Once all optimization cycles are completed, you can check the final solution as follows. You can also plot the optimization history. See 6. Visualization for more detials.

# Print results
print(f"{optimizer.best_solution=}")  # Solution (optimal input)
print(f"{optimizer.best_objective=:.3e}")  # Objective function value
optimizer.best_solution={'wing_width': 19.616161616161616, 'wing_height': 2.263157894736842, 'wing_angle': 7.105263157894736}
optimizer.best_objective=-6.202e+00

Advanced setting

By default, an KernelQAOptimizer class instance considers the ModelKernel class as a surrogate model class and the ModelKernelTrainer class as the model trainer class. As for the model parameters of the ModelKernel class, there are the following parameters.

  • \(\beta\): A weight for ‘sigma’ in the lower confidence bound (LCB).
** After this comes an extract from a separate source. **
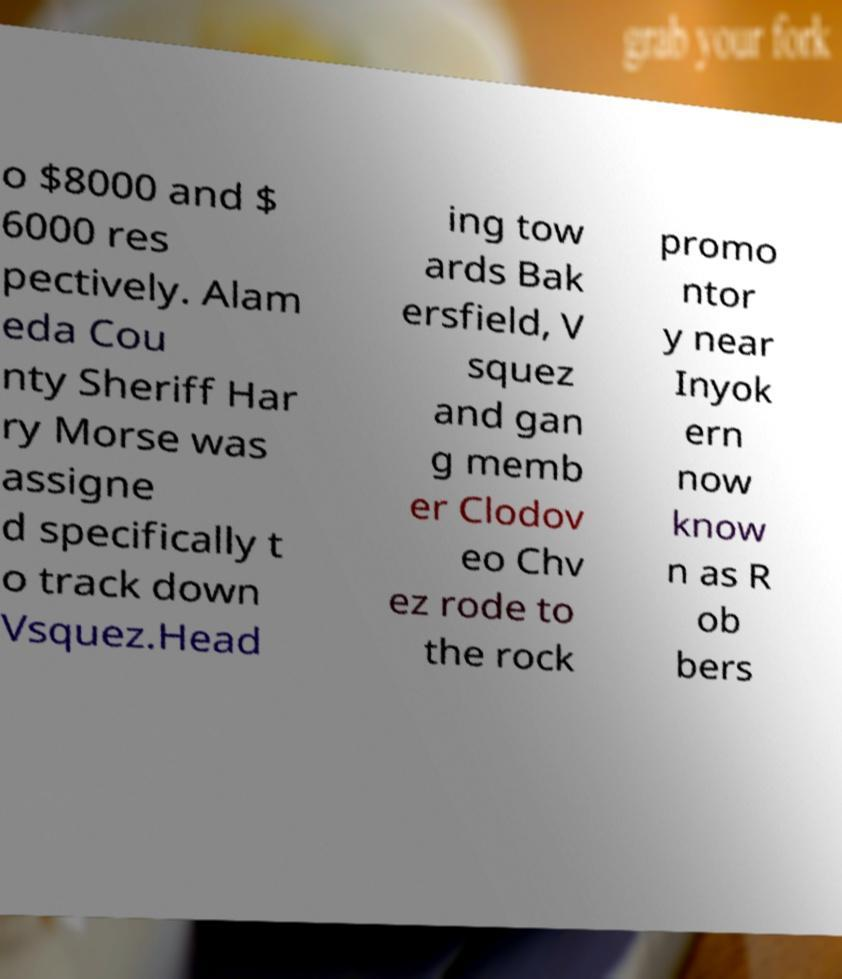There's text embedded in this image that I need extracted. Can you transcribe it verbatim? o $8000 and $ 6000 res pectively. Alam eda Cou nty Sheriff Har ry Morse was assigne d specifically t o track down Vsquez.Head ing tow ards Bak ersfield, V squez and gan g memb er Clodov eo Chv ez rode to the rock promo ntor y near Inyok ern now know n as R ob bers 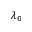<formula> <loc_0><loc_0><loc_500><loc_500>\lambda _ { 0 }</formula>

If multiple values of beta are given as a list, a value in the list is chosen and used cyclically each time the model is constructed (=in each optimization cycle). When beta = 0 or min(beta) = 0, ModelKernel.is_sigma_required is False, meaning the model uncertainty is not considered.

  • \(\gamma\): A constant in the kernel function to define a linear term in the model. gamma = 0 means no linear term is considered in the model. Note that when one of a priori encoding methods (()[conversion.ipynb]) is chosen for all decision variables, linear terms are expected to be modeled naturally in the quadratic terms.

The default training parameters are mentioned in ModelKernelTrainer.set_train_params. You can adjust/modify these model trainers and model classes and their parameters.

Model parameters

In the above optimization problem, let’s adjust the parameter \(\gamma\) of the FM model (ModelKernel) from the default value of 1 to 0.

trainer = optimizer.trainer
trainer.set_model_params(gamma=0)

Training parameters

You can also adjust training parameters for the model. For the default trainer class ModelKernelTrainer, you can use the ModelKernelTrainer.set_train_params method. The following code line modifies the regularization parameters reg_param. With print(trainer), you can see that the changes to the above model and training parameters have been successfully made.

trainer.set_train_params(reg_param=0.1)
print(trainer)
--------------------
trainer class: ModelKernelTrainer
model class: ModelKernel
model params: {beta: 0.0, gamma: 0}
reg_param: 0.1

You can also use your own custom model and trainer classes. For details, see Custom Trainer and Model.